## WORK INSTRUCTIONS
From the material below, copy out each line with the word "print" in it.

## DATASET EXCERPTS
▬▬▬▬▬▬

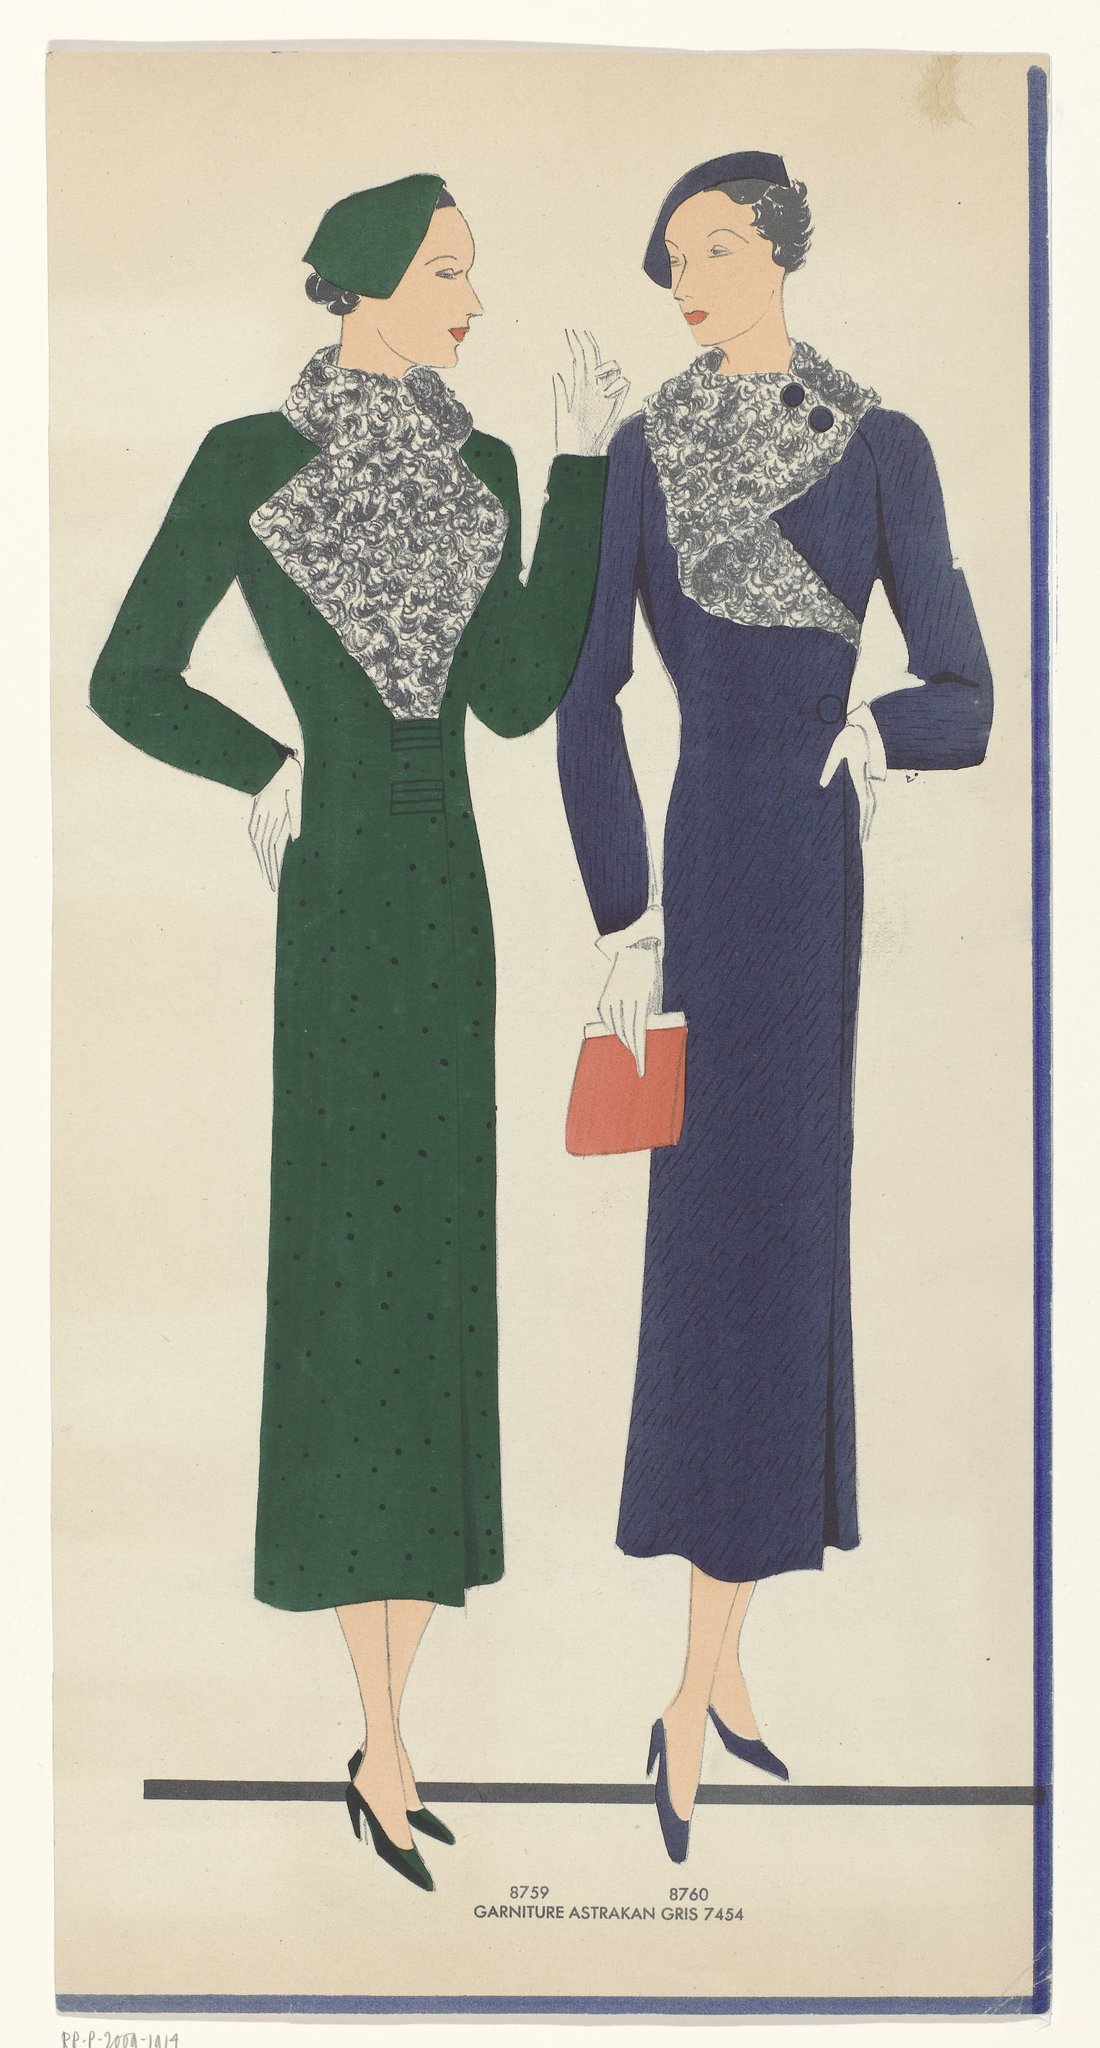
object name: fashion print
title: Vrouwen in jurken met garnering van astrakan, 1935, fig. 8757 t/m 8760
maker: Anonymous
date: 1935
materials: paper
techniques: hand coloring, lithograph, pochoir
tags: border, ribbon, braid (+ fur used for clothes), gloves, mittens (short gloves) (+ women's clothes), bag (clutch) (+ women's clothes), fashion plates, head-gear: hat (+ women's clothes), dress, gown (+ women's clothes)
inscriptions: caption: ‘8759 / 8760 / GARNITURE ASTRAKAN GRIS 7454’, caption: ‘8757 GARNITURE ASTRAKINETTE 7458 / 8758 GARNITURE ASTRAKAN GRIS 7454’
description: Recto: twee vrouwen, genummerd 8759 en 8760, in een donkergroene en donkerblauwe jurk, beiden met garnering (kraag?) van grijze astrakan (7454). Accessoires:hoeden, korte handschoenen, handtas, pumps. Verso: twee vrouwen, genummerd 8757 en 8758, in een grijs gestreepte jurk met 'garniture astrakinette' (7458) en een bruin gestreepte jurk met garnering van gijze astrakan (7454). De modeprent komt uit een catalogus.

▬▬▬▬▬▬

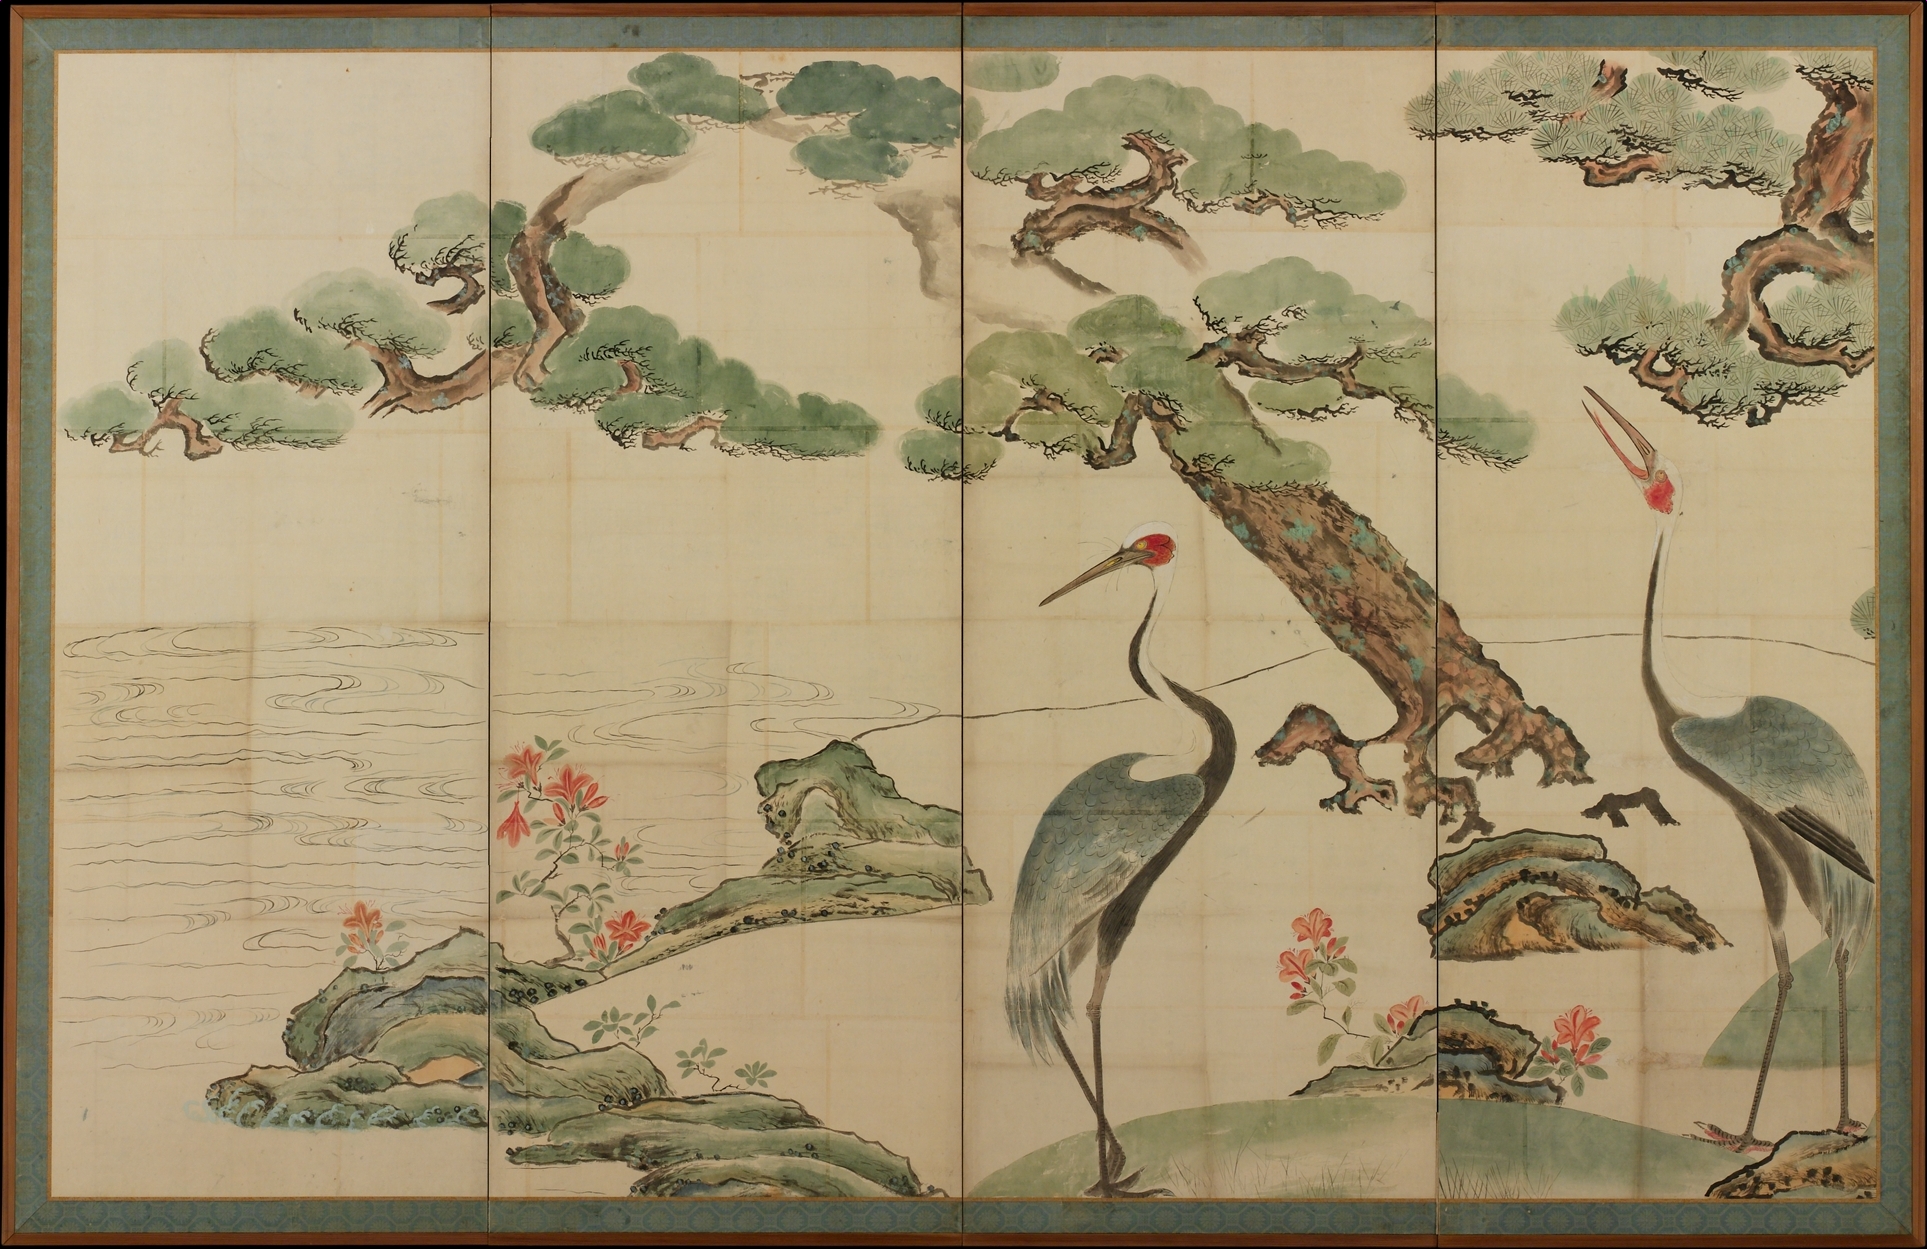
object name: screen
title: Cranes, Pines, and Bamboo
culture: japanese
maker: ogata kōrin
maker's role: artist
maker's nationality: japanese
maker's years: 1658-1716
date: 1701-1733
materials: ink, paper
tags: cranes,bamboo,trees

▬▬▬▬▬▬

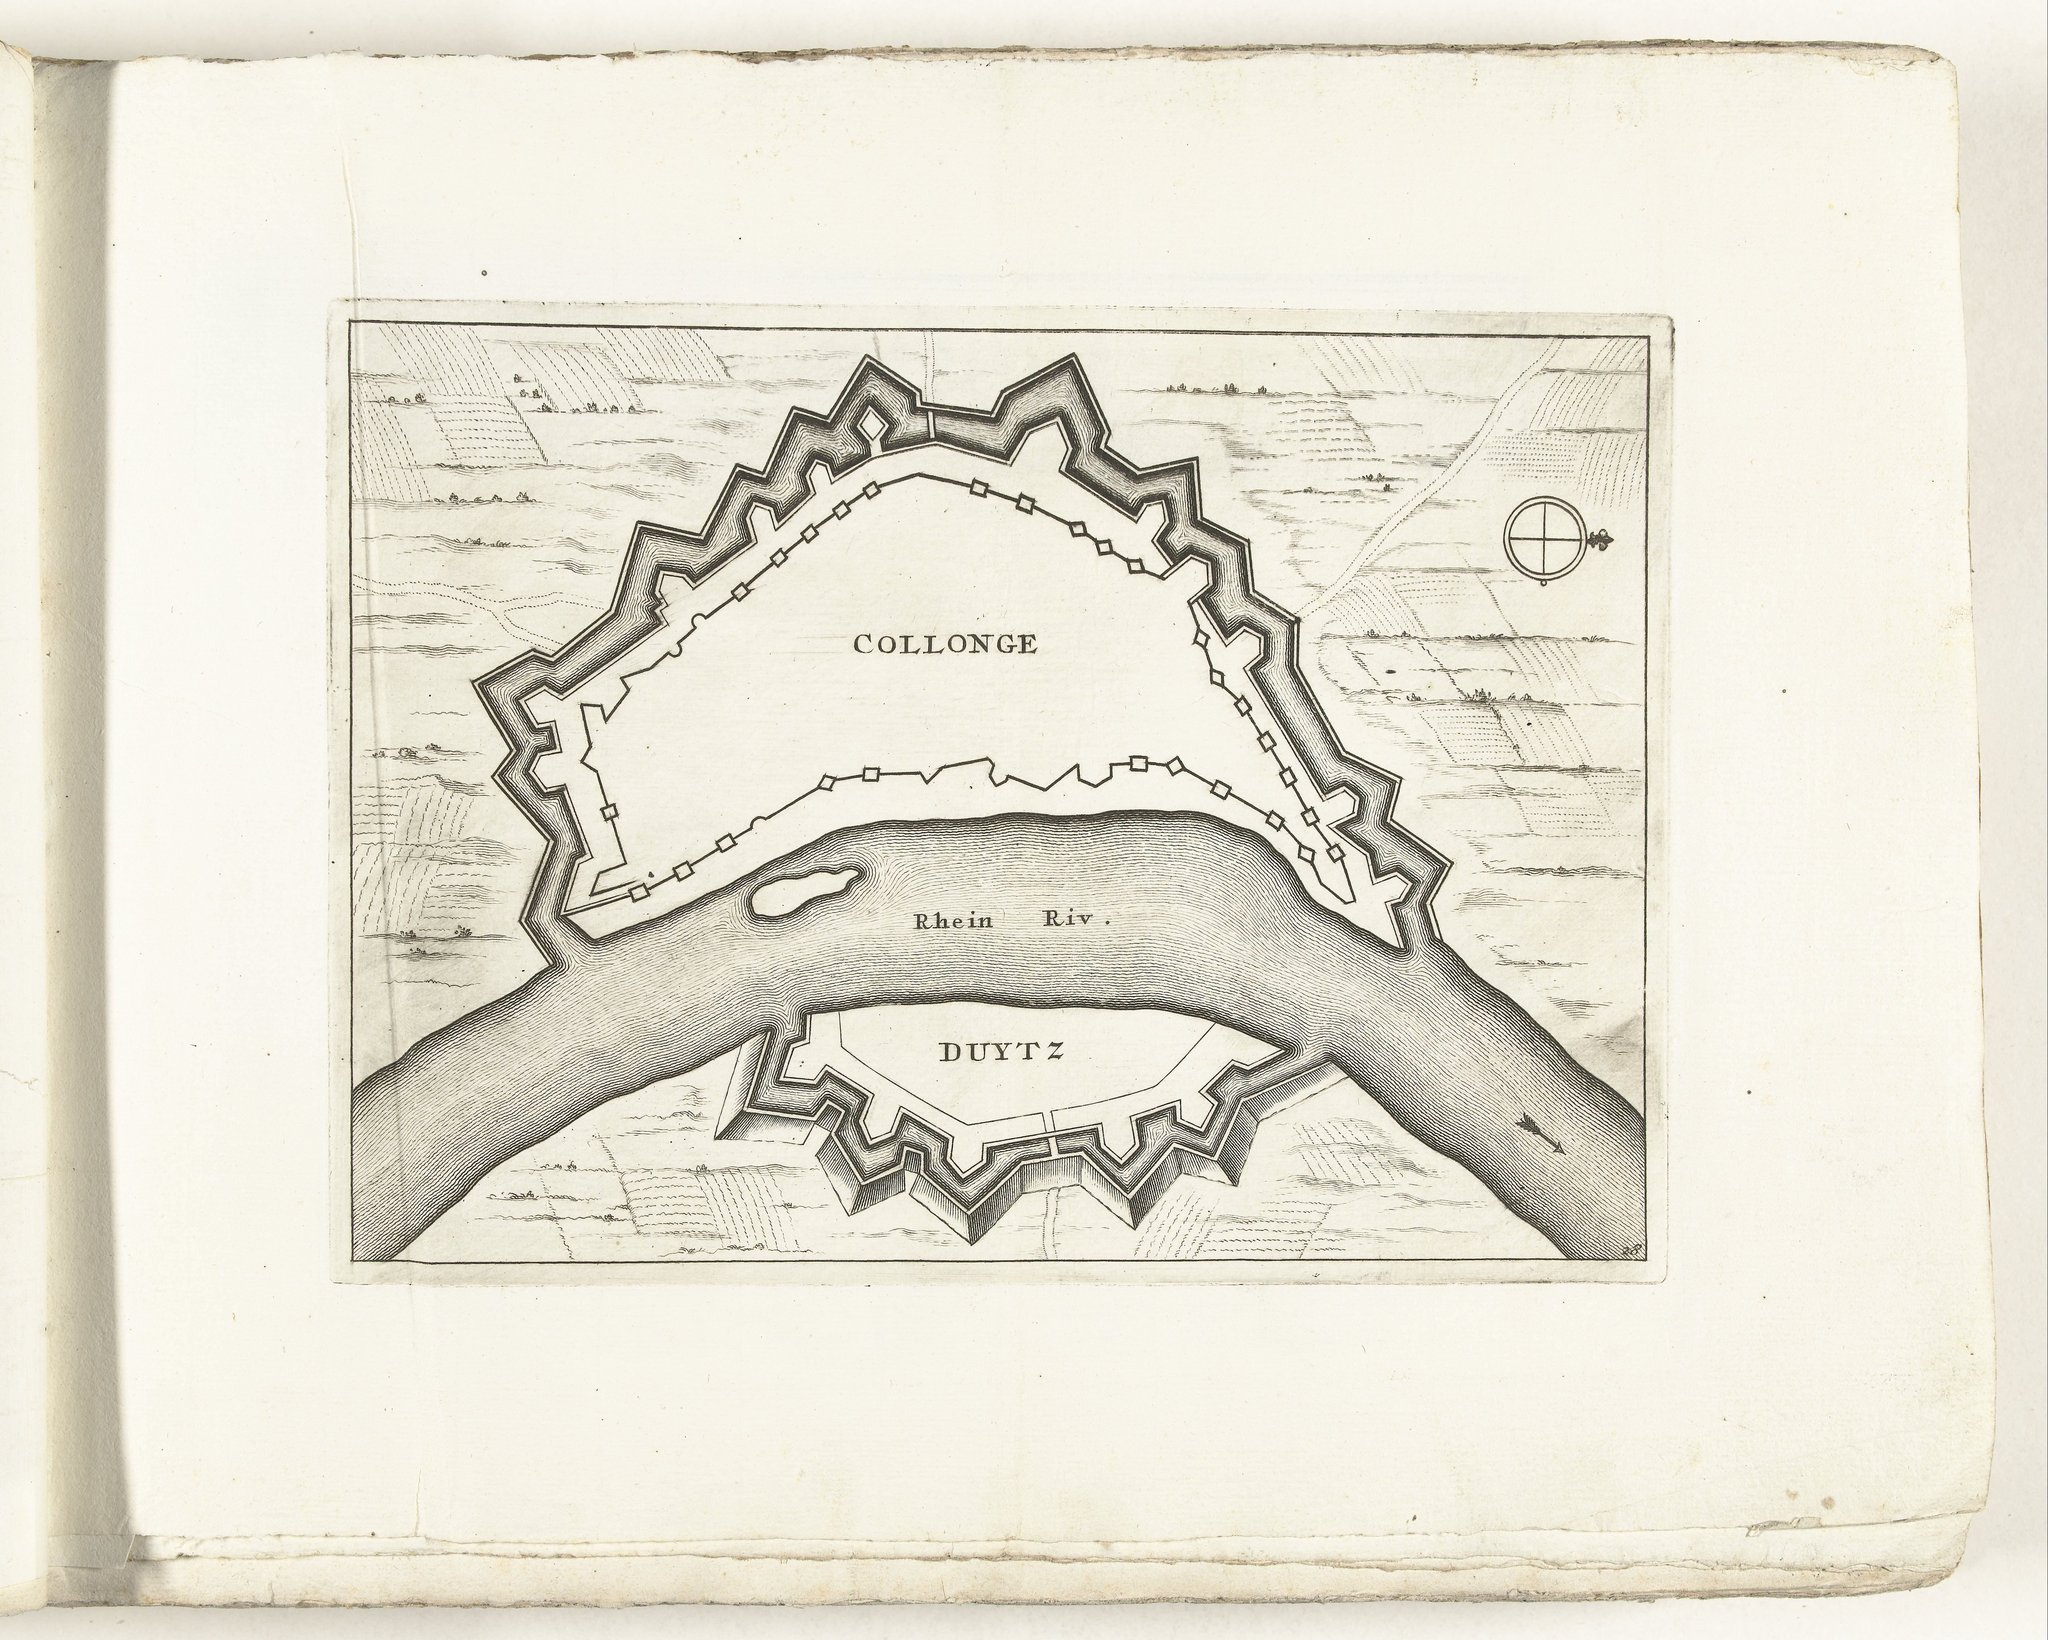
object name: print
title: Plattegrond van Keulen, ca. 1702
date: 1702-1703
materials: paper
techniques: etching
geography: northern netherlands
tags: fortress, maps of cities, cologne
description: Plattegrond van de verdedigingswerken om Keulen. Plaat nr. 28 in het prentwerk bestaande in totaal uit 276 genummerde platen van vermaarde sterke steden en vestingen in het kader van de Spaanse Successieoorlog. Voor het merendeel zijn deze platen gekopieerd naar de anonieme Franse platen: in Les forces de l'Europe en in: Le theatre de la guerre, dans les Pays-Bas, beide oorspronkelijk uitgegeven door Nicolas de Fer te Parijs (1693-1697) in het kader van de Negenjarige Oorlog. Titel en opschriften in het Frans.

▬▬▬▬▬▬

## OUTPUT
object name: fashion print
object name: print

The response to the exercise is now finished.